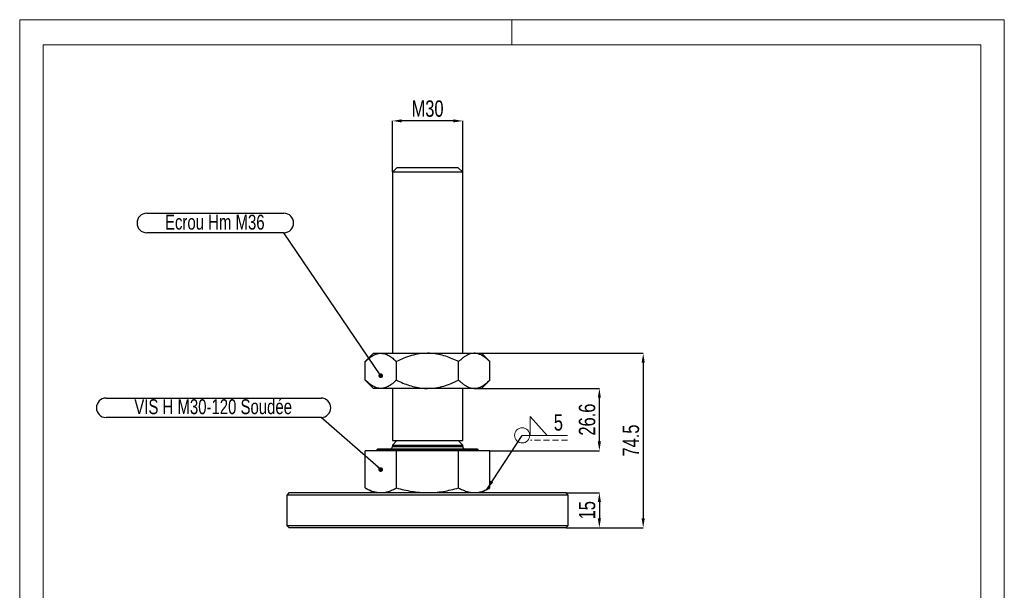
# Model space of a CAD drawing. Header units: millimetres. Extents: x 0 to 210, y 0 to 297.
# Tile 2 of 2: x 0 to 210, y 175 to 297. Entities that reach past the tile are written whole.
import ezdxf

# ---------------------------------------------------------------- set-up
doc = ezdxf.new("R2010")
doc.units = ezdxf.units.MM
doc.header["$PDSIZE"] = -1
doc.linetypes.add('HIDDEN', pattern=[1.905, 1.27, -0.635])
doc.layers.add('COTES', color=1, linetype='Continuous')
doc.layers.add('NOTES', color=6, linetype='Continuous')
doc.layers.add('TRAIT-FORT', color=4, linetype='Continuous', lineweight=25)
doc.styles.add('SLDTEXTSTYLE0', font='TXT', dxfattribs={"width": 0.75})
doc.dimstyles.new('SLDDIMSTYLE2', dxfattribs={"dimtxt": 3.5, "dimasz": 2, "dimexe": 0, "dimexo": 0.0625, "dimgap": 0.875, "dimtad": 1, "dimlfac": 2, "dimrnd": 1e-09, "dimzin": 12, "dimdsep": 46, "dimtxsty": 'SLDTEXTSTYLE0', "dimsah": 1, "dimcen": 0.09, "dimadec": 0, "dimazin": 3, "dimtfac": 1, "dimtmove": 0, "dimatfit": 0, "dimfxl": 1, "dimfrac": 2, "dimtolj": 1, "dimtzin": 12, "dimarcsym": 0})
doc.dimstyles.new('SLDDIMSTYLE3', dxfattribs={"dimtxt": 3.5, "dimasz": 2, "dimexe": 0, "dimexo": 0.0625, "dimgap": 0.875, "dimtad": 1, "dimlfac": 2, "dimrnd": 1e-09, "dimzin": 12, "dimdsep": 46, "dimtxsty": 'SLDTEXTSTYLE0', "dimsah": 1, "dimcen": 0.09, "dimadec": 0, "dimazin": 3, "dimtfac": 1, "dimtofl": 0, "dimtmove": 0, "dimatfit": 3, "dimfxl": 1, "dimfrac": 2, "dimtolj": 1, "dimtzin": 12, "dimarcsym": 0})
doc.dimstyles.new('SLDDIMSTYLE4', dxfattribs={"dimtxt": 3.5, "dimasz": 2, "dimexe": 0, "dimexo": 0.0625, "dimgap": 0.875, "dimtad": 1, "dimdec": 1, "dimlfac": 2, "dimrnd": 1e-09, "dimzin": 12, "dimdsep": 46, "dimtxsty": 'SLDTEXTSTYLE0', "dimsah": 1, "dimcen": 0.09, "dimadec": 0, "dimazin": 3, "dimtfac": 1, "dimtdec": 1, "dimtofl": 0, "dimtmove": 0, "dimatfit": 3, "dimfxl": 1, "dimfrac": 2, "dimtolj": 1, "dimtzin": 12, "dimarcsym": 0})
doc.dimstyles.new('SLDDIMSTYLE5', dxfattribs={"dimtxt": 0.18, "dimasz": 1, "dimexe": 0, "dimexo": 0.0625, "dimgap": 0, "dimtad": 0, "dimtih": 1, "dimtoh": 1, "dimdec": 0, "dimrnd": 1e-09, "dimzin": 0, "dimdsep": 46, "dimtxsty": 'Standard', "dimblk1": 'DOT', "dimblk2": 'DOT', "dimsah": 1, "dimcen": 0.09, "dimadec": 0, "dimazin": 0, "dimtfac": 1, "dimtdec": 0, "dimtofl": 0, "dimtmove": 0, "dimatfit": 3, "dimldrblk": 'DOT', "dimfxl": 1, "dimfrac": 2, "dimtolj": 1, "dimtzin": 0, "dimarcsym": 0})
doc.dimstyles.new('SLDDIMSTYLE6', dxfattribs={"dimtxt": 0.18, "dimasz": 2, "dimexe": 0, "dimexo": 0.0625, "dimgap": 0, "dimtad": 0, "dimtih": 1, "dimtoh": 1, "dimdec": 0, "dimrnd": 1e-09, "dimzin": 0, "dimdsep": 46, "dimtxsty": 'Standard', "dimsah": 1, "dimcen": 0.09, "dimadec": 0, "dimazin": 0, "dimtfac": 2, "dimtdec": 0, "dimtofl": 0, "dimtmove": 0, "dimatfit": 3, "dimfxl": 1, "dimfrac": 2, "dimtolj": 1, "dimtzin": 0, "dimarcsym": 0})

# ---------------------------------------------------------------- blocks, each defined once
blk = doc.blocks.new('_D_3')
at = {"layer": 'COTES', "color": 0, "lineweight": -2, "transparency": 16777216}
for p, q in [((79.47, 264.51), (79.47, 275.39)), ((92.47, 275.39), (81.47, 275.39)), ((94.47, 264.51), (94.47, 275.39))]:
    blk.add_line(p, q, dxfattribs=at)
at = {"layer": 'COTES', "color": 0, "transparency": 16777216}
for points in [[(81.47, 275.73), (81.47, 275.06), (79.47, 275.39)], [(92.47, 275.73), (92.47, 275.06), (94.47, 275.39)]]:
    blk.add_solid(points, dxfattribs=at)
at = {"layer": 'Defpoints', "color": 0, "transparency": 16777216}
for p in [(79.47, 275.39), (79.47, 264.45), (94.47, 264.45)]:
    blk.add_point(p, dxfattribs=at)
at = {"layer": 'COTES', "color": 0, "transparency": 16777216, "insert": (86.97, 279.77), "char_height": 3.5, "attachment_point": 2, "style": 'SLDTEXTSTYLE0'}
blk.add_mtext('\\A1;M30', dxfattribs=at)
blk = doc.blocks.new('_D_4')
at = {"layer": 'COTES', "color": 0, "lineweight": -2, "transparency": 16777216}
for p, q in [((116.53, 196.04), (123.62, 196.04)), ((123.62, 194.04), (123.62, 190.54)), ((116.53, 188.54), (123.62, 188.54))]:
    blk.add_line(p, q, dxfattribs=at)
at = {"layer": 'COTES', "color": 0, "transparency": 16777216}
for points in [[(123.28, 194.04), (123.95, 194.04), (123.62, 196.04)], [(123.28, 190.54), (123.95, 190.54), (123.62, 188.54)]]:
    blk.add_solid(points, dxfattribs=at)
at = {"layer": 'Defpoints', "color": 0, "transparency": 16777216}
for p in [(116.47, 196.04), (116.47, 188.54), (123.62, 188.54)]:
    blk.add_point(p, dxfattribs=at)
at = {"layer": 'COTES', "color": 0, "transparency": 16777216, "insert": (119.24, 192.29), "char_height": 3.5, "attachment_point": 2, "rotation": 90, "style": 'SLDTEXTSTYLE0'}
blk.add_mtext('\\A1;15', dxfattribs=at)
blk = doc.blocks.new('_D_5')
at = {"layer": 'COTES', "color": 0, "lineweight": -2, "transparency": 16777216}
for p, q in [((96.99, 225.79), (132.97, 225.79)), ((132.97, 223.79), (132.97, 190.54)), ((116.53, 188.54), (132.97, 188.54))]:
    blk.add_line(p, q, dxfattribs=at)
at = {"layer": 'COTES', "color": 0, "transparency": 16777216}
for points in [[(132.63, 223.79), (133.3, 223.79), (132.97, 225.79)], [(132.63, 190.54), (133.3, 190.54), (132.97, 188.54)]]:
    blk.add_solid(points, dxfattribs=at)
at = {"layer": 'Defpoints', "color": 0, "transparency": 16777216}
for p in [(96.93, 225.79), (116.47, 188.54), (132.97, 188.54)]:
    blk.add_point(p, dxfattribs=at)
at = {"layer": 'COTES', "color": 0, "transparency": 16777216, "insert": (128.59, 207.17), "char_height": 3.5, "attachment_point": 2, "rotation": 90, "style": 'SLDTEXTSTYLE0'}
blk.add_mtext('\\A1;74.5', dxfattribs=at)
blk = doc.blocks.new('_D_6')
at = {"layer": 'COTES', "color": 0, "lineweight": -2, "transparency": 16777216}
for p, q in [((96.99, 218.29), (123.62, 218.29)), ((123.62, 206.99), (123.62, 216.29)), ((100.31, 204.99), (123.62, 204.99))]:
    blk.add_line(p, q, dxfattribs=at)
at = {"layer": 'COTES', "color": 0, "transparency": 16777216}
for points in [[(123.28, 216.29), (123.95, 216.29), (123.62, 218.29)], [(123.28, 206.99), (123.95, 206.99), (123.62, 204.99)]]:
    blk.add_solid(points, dxfattribs=at)
at = {"layer": 'Defpoints', "color": 0, "transparency": 16777216}
for p in [(96.93, 218.29), (123.62, 218.29), (100.25, 204.99)]:
    blk.add_point(p, dxfattribs=at)
at = {"layer": 'COTES', "color": 0, "transparency": 16777216, "insert": (119.24, 211.64), "char_height": 3.5, "attachment_point": 2, "rotation": 90, "style": 'SLDTEXTSTYLE0'}
blk.add_mtext('\\A1;26.6', dxfattribs=at)
blk = doc.blocks.new('SW_NOTE_3')
at = {"layer": 'NOTES', "color": 0}
for p, q in [((-29.27, 4.15), (0, 4.15)), ((0, 0), (-29.27, 0))]:
    blk.add_line(p, q, dxfattribs=at)
for centre, start, end in [((-29.27, 2.07), 90, 270), ((0, 2.07), 270, 90)]:
    blk.add_arc(centre, 2.07, start, end, dxfattribs=at)
at = {"layer": 'NOTES', "color": 0, "insert": (-14.75, 3.84), "char_height": 3.175, "attachment_point": 2, "style": 'SLDTEXTSTYLE0'}
blk.add_mtext('Ecrou Hm M36', dxfattribs=at)
blk = doc.blocks.new('_Dot')
at = {"color": 0, "linetype": 'ByBlock', "lineweight": -2}
blk.add_line((-0.5, 0), (-1, 0), dxfattribs=at)
at = {"color": 0, "linetype": 'ByBlock', "const_width": 0.5}
blk.add_lwpolyline([(-0.25, 0, 1), (0.25, 0, 1)], format="xyb", close=True, dxfattribs=at)
blk = doc.blocks.new('SW_NOTE_4')
at = {"layer": 'NOTES', "color": 0}
for p, q in [((-45.85, 4.15), (0, 4.15)), ((0, 0), (-45.85, 0))]:
    blk.add_line(p, q, dxfattribs=at)
for centre, start, end in [((-45.85, 2.07), 90, 270), ((0, 2.07), 270, 90)]:
    blk.add_arc(centre, 2.07, start, end, dxfattribs=at)
at = {"layer": 'NOTES', "color": 0, "insert": (-23.01, 3.89), "char_height": 3.175, "attachment_point": 2, "style": 'SLDTEXTSTYLE0'}
blk.add_mtext('VIS H M30-120 Soudée', dxfattribs=at)
blk = doc.blocks.new('SW_SYMBOL_WELD_FILL')
at = {"color": 0, "linetype": 'Continuous', "lineweight": 18}
for p, q in [((100, 0), (100, 900)), ((100, 900), (900, 0)), ((100, 0), (900, 0))]:
    blk.add_line(p, q, dxfattribs=at)
blk = doc.blocks.new('SW_WELDSYMBOL_0')
at = {"color": 0, "linetype": 'Continuous', "lineweight": 18}
blk.add_line((9.64, 0), (0, 0), dxfattribs=at)
at = {"color": 0, "linetype": 'HIDDEN', "lineweight": 18}
blk.add_line((9.64, -1), (1.8, -1), dxfattribs=at)
at = {"color": 0, "linetype": 'Continuous', "lineweight": 18}
blk.add_circle((0, 0), 1.62, dxfattribs=at)
at = {"color": 0, "linetype": 'Continuous', "lineweight": 18, "xscale": 0.004470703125, "yscale": 0.004470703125, "zscale": 0.004470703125}
blk.add_blockref('SW_SYMBOL_WELD_FILL', (1.27, 0), dxfattribs=at)
at = {"color": 0, "linetype": 'Continuous', "lineweight": 18, "insert": (6.74, 4.51), "char_height": 3.5, "attachment_point": 1, "style": 'SLDTEXTSTYLE0'}
blk.add_mtext('5', dxfattribs=at)

msp = doc.modelspace()

# ---------------------------------------------------------------- linework, layer by layer
at = {"lineweight": 18}
for p, q in [((-0.0171, 297), (209.9829, 297)), ((-0.0171, 297), (-0.0171, 0)), ((104.9829, 297), (104.9829, 291.6268)), ((209.9829, 297), (209.9829, 0)), ((5, 291.6268), (205, 291.6268)), ((5, 291.6268), (5, 148.5091)), ((205, 291.6268), (204.9999, 5.0001))]:
    msp.add_line(p, q, dxfattribs=at)
at = {"layer": 'TRAIT-FORT', "lineweight": 25}
for p, q in [((80.4132, 265.3941), (79.466, 264.4469)), ((86.966, 265.3941), (80.4132, 265.3941)), ((93.5189, 265.3941), (86.966, 265.3941)), ((94.466, 264.4469), (93.5189, 265.3941)), ((79.466, 264.4469), (79.466, 225.7941)), ((94.466, 264.4469), (79.466, 264.4469)), ((94.466, 225.7941), (94.466, 264.4469)), ((75.466, 225.7941), (73.687, 224.015)), ((75.466, 225.7941), (77.0067, 225.7941)), ((77.0067, 225.7941), (86.966, 225.7941)), ((86.966, 225.7941), (96.9253, 225.7941)), ((96.9253, 225.7941), (98.466, 225.7941)), ((100.2451, 224.015), (98.466, 225.7941)), ((73.687, 220.0731), (73.687, 224.015)), ((80.3265, 220.0731), (80.3265, 224.015)), ((93.6056, 220.0731), (93.6056, 224.015)), ((100.2451, 220.0731), (100.2451, 224.015)), ((73.687, 220.0731), (75.466, 218.2941)), ((98.466, 218.2941), (100.2451, 220.0731)), ((77.0067, 218.2941), (75.466, 218.2941)), ((86.966, 218.2941), (77.0067, 218.2941)), ((79.466, 218.2941), (79.466, 207.1441)), ((96.9253, 218.2941), (86.966, 218.2941)), ((94.466, 207.1441), (94.466, 218.2941)), ((98.466, 218.2941), (96.9253, 218.2941)), ((80.4132, 207.1441), (79.466, 206.1969)), ((79.466, 207.1441), (94.466, 207.1441)), ((79.466, 206.1969), (79.466, 205.8941)), ((79.466, 206.1969), (94.466, 206.1969)), ((79.466, 205.8941), (94.466, 205.8941)), ((94.466, 206.1969), (93.5189, 207.1441)), ((94.466, 205.8941), (94.466, 206.1969)), ((73.687, 197.0712), (73.687, 204.9941)), ((80.3265, 204.9941), (73.687, 204.9941)), ((76.291, 205.3441), (75.941, 204.9941)), ((76.291, 205.3941), (76.291, 205.3441)), ((76.291, 205.3941), (97.641, 205.3941)), ((76.291, 205.3441), (97.641, 205.3441)), ((80.3265, 197.0712), (80.3265, 204.9941)), ((93.6056, 204.9941), (80.3265, 204.9941)), ((93.6056, 197.0712), (93.6056, 204.9941)), ((100.2451, 204.9941), (93.6056, 204.9941)), ((97.641, 205.3441), (97.641, 205.3941)), ((97.991, 204.9941), (97.641, 205.3441)), ((100.2451, 197.0712), (100.2451, 204.9941)), ((57.466, 196.0441), (56.966, 195.5441)), ((56.966, 195.5441), (56.966, 189.0441)), ((86.966, 195.5441), (56.966, 195.5441)), ((57.466, 196.0441), (86.966, 196.0441)), ((73.687, 197.0712), (75.466, 196.0441)), ((86.966, 196.0441), (116.466, 196.0441)), ((116.966, 195.5441), (86.966, 195.5441)), ((98.466, 196.0441), (100.2451, 197.0712)), ((116.966, 195.5441), (116.466, 196.0441)), ((116.966, 189.0441), (116.966, 195.5441)), ((56.966, 189.0441), (57.466, 188.5441)), ((56.966, 189.0441), (86.966, 189.0441)), ((86.966, 189.0441), (116.966, 189.0441)), ((116.466, 188.5441), (116.966, 189.0441)), ((86.966, 188.5441), (57.466, 188.5441)), ((116.466, 188.5441), (86.966, 188.5441))]:
    msp.add_line(p, q, dxfattribs=at)
for centre, start, end in [((78.966, 205.8941), 270, 360), ((94.966, 205.8941), 180, 270)]:
    msp.add_arc(centre, 0.5, start, end, dxfattribs=at)
for points, knots in [([(73.687, 224.015), (73.7988, 224.1244), (74.1351, 224.453), (74.5968, 224.838), (75.0727, 225.1675), (75.4398, 225.3819), (75.8168, 225.5585), (76.2005, 225.6894), (76.5981, 225.777), (76.8677, 225.7883), (77.0067, 225.7941)], [0, 0, 0, 0, 0.10768853, 0.32371436, 0.43216638, 0.54313741, 0.65442781, 0.76684783, 0.8797209, 1, 1, 1, 1]), ([(77.0067, 225.7941), (77.2954, 225.7687), (77.8788, 225.7175), (78.7279, 225.321), (79.549, 224.7549), (80.0665, 224.2624), (80.3265, 224.015)], [0, 0, 0, 0, 0.24957791, 0.50436411, 0.75104693, 1, 1, 1, 1]), ([(86.966, 225.7941), (86.3887, 225.7687), (85.2219, 225.7175), (83.5237, 225.321), (81.8816, 224.7549), (80.8465, 224.2624), (80.3265, 224.015)], [0, 0, 0, 0, 0.24957791, 0.50436411, 0.75104693, 1, 1, 1, 1]), ([(93.6056, 224.015), (93.156, 224.2301), (92.2544, 224.6614), (90.8328, 225.1867), (89.3468, 225.5805), (88.043, 225.7705), (87.2442, 225.788), (86.966, 225.7941)], [0, 0, 0, 0, 0.21551788, 0.43222804, 0.6544604, 0.87969206, 1, 1, 1, 1]), ([(96.9253, 225.7941), (96.7471, 225.7845), (96.3892, 225.7651), (95.852, 225.6101), (95.3167, 225.3679), (94.7598, 225.02), (94.1865, 224.5744), (93.7995, 224.2018), (93.6056, 224.015)], [0, 0, 0, 0, 0.15412646, 0.30954285, 0.46853308, 0.62851893, 0.81385044, 1, 1, 1, 1]), ([(100.2451, 224.015), (100.1322, 224.1255), (99.9061, 224.3466), (99.4869, 224.7134), (98.9828, 225.0969), (98.3827, 225.4504), (97.7607, 225.6952), (97.2703, 225.7868), (96.9908, 225.7927), (96.9253, 225.7941)], [0, 0, 0, 0, 0.108753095, 0.217630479, 0.395796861, 0.574953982, 0.758198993, 0.943372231, 1, 1, 1, 1]), ([(77.0067, 218.2941), (76.8628, 218.3004), (76.5741, 218.3129), (76.1409, 218.414), (75.7087, 218.5733), (75.285, 218.7896), (74.7357, 219.1407), (74.2035, 219.5702), (73.8164, 219.9471), (73.687, 220.0731)], [0, 0, 0, 0, 0.12448327, 0.24965371, 0.3767797, 0.50448387, 0.62764829, 0.87544051, 1, 1, 1, 1]), ([(80.3265, 220.0731), (80.1017, 219.8581), (79.6509, 219.4268), (78.9402, 218.9015), (78.1971, 218.5077), (77.5452, 218.3177), (77.1458, 218.3002), (77.0067, 218.2941)], [0, 0, 0, 0, 0.21551788, 0.43222804, 0.6544604, 0.87969206, 1, 1, 1, 1]), ([(80.3265, 220.0731), (80.7761, 219.858), (81.6777, 219.4266), (83.0992, 218.9021), (84.5852, 218.5056), (85.751, 218.3432), (86.5487, 218.2985), (86.8269, 218.2956), (86.966, 218.2941)], [0, 0, 0, 0, 0.21551365, 0.43221956, 0.65444756, 0.8796748, 0.93979828, 1, 1, 1, 1]), ([(86.966, 218.2941), (87.5434, 218.3195), (88.7101, 218.3707), (90.4084, 218.7672), (92.0505, 219.3333), (93.0856, 219.8258), (93.6056, 220.0731)], [0, 0, 0, 0, 0.24957791, 0.50436411, 0.75104693, 1, 1, 1, 1]), ([(93.6056, 220.0731), (93.7987, 219.8872), (94.1857, 219.5145), (94.7531, 219.0732), (95.3008, 218.7299), (95.829, 218.4867), (96.3721, 218.3251), (96.7404, 218.3044), (96.9253, 218.2941)], [0, 0, 0, 0, 0.18538332, 0.3714818, 0.52606961, 0.68148801, 0.84006768, 1, 1, 1, 1]), ([(96.9253, 218.2941), (96.9908, 218.2955), (97.2612, 218.3012), (97.7378, 218.3879), (98.3523, 218.6228), (98.962, 218.9761), (99.4792, 219.3681), (99.906, 219.7415), (100.132, 219.9626), (100.2451, 220.0731)], [0, 0, 0, 0, 0.0566275, 0.23391256, 0.41306149, 0.59709393, 0.78237056, 0.89111794, 1, 1, 1, 1]), ([(73.687, 197.0712), (73.955, 196.9244), (74.4918, 196.6303), (75.3157, 196.3075), (76.1553, 196.0863), (76.7223, 196.0582), (77.0067, 196.0441)], [0, 0, 0, 0, 0.24726861, 0.49536257, 0.74687401, 1, 1, 1, 1]), ([(77.0067, 196.0441), (77.2837, 196.0575), (77.8395, 196.0843), (78.6727, 196.2992), (79.5043, 196.6213), (80.0521, 196.9211), (80.3265, 197.0712)], [0, 0, 0, 0, 0.24649114, 0.49459325, 0.74679314, 1, 1, 1, 1]), ([(80.3265, 197.0712), (80.8625, 196.9244), (81.9361, 196.6303), (83.5839, 196.3075), (85.2631, 196.0863), (86.3972, 196.0582), (86.966, 196.0441)], [0, 0, 0, 0, 0.247268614, 0.495362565, 0.746874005, 1, 1, 1, 1]), ([(86.966, 196.0441), (87.52, 196.0575), (88.6315, 196.0843), (90.2979, 196.2992), (91.9611, 196.6213), (93.0567, 196.9211), (93.6056, 197.0712)], [0, 0, 0, 0, 0.24649114, 0.49459325, 0.74679314, 1, 1, 1, 1]), ([(93.6056, 197.0712), (93.8735, 196.9244), (94.4104, 196.6303), (95.2343, 196.3075), (96.0739, 196.0863), (96.6409, 196.0582), (96.9253, 196.0441)], [0, 0, 0, 0, 0.247268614, 0.495362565, 0.746874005, 1, 1, 1, 1]), ([(96.9253, 196.0441), (97.2023, 196.0575), (97.7581, 196.0843), (98.5913, 196.2992), (99.4229, 196.6213), (99.9707, 196.9211), (100.2451, 197.0712)], [0, 0, 0, 0, 0.24649114, 0.49459325, 0.74679314, 1, 1, 1, 1])]:
    msp.add_open_spline(points, degree=3, knots=knots, dxfattribs=at)

# ---------------------------------------------------------------- block references
at = {"layer": 'NOTES'}
for name, p in [('SW_NOTE_3', (56.3442, 251.5324)), ('SW_NOTE_4', (64.2588, 212.0852))]:
    msp.add_blockref(name, p, dxfattribs=at)
at = {"layer": 'NOTES', "lineweight": 18}
msp.add_blockref('SW_WELDSYMBOL_0', (107.1606, 208.2751), dxfattribs=at)

# ---------------------------------------------------------------- dimensions: what is measured, and where the dimension line sits
at = {"layer": 'COTES'}
dim = msp.add_linear_dim(base=(79.466, 275.3941), p1=(94.466, 264.4469), p2=(79.466, 264.4469), text='M<>', dimstyle='SLDDIMSTYLE2', dxfattribs=at)
dim.commit()
dim.dimension.update_dxf_attribs({"geometry": '_D_3', "text_midpoint": (86.966, 275.3941), "dimtype": 160})
for base, p1, p2, dimstyle, picture, middle in [((132.966, 188.5441), (96.9253, 225.7941), (116.466, 188.5441), 'SLDDIMSTYLE3', '_D_5', (132.966, 207.1691)), ((123.6156, 218.2941), (100.2451, 204.9941), (96.9253, 218.2941), 'SLDDIMSTYLE4', '_D_6', (123.6156, 211.6441)), ((123.6156, 188.5441), (116.466, 196.0441), (116.466, 188.5441), 'SLDDIMSTYLE2', '_D_4', (123.6156, 192.2941))]:
    dim = msp.add_linear_dim(base=base, p1=p1, p2=p2, angle=90, dimstyle=dimstyle, dxfattribs=at)
    dim.commit()
    dim.dimension.update_dxf_attribs({"geometry": picture, "text_midpoint": middle, "dimtype": 160})

# ---------------------------------------------------------------- leaders
at = {"layer": 'NOTES'}
for points in [[(76.9801, 221.0097), (56.3442, 251.5324)], [(76.9801, 200.9685), (64.2588, 212.0852)]]:
    msp.add_leader(points, dimstyle='SLDDIMSTYLE5', dxfattribs=at)
at = {"layer": 'NOTES', "lineweight": 18}
msp.add_leader([(99.6054, 196.7299), (107.1606, 208.2751)], dimstyle='SLDDIMSTYLE6', dxfattribs=at)

doc.saveas('drawing.dxf')

» **What you will do**
All lines from the beginning of the material above through the line holding "doc.units = ezdxf.units.MM" are to be given again exactly, and no others; pictures do not go in.

» **Answer space**
# Model space of a CAD drawing. Header units: millimetres. Extents: x 0 to 210, y 0 to 297.
# Tile 2 of 2: x 0 to 210, y 175 to 297. Entities that reach past the tile are written whole.
import ezdxf

# ---------------------------------------------------------------- set-up
doc = ezdxf.new("R2010")
doc.units = ezdxf.units.MM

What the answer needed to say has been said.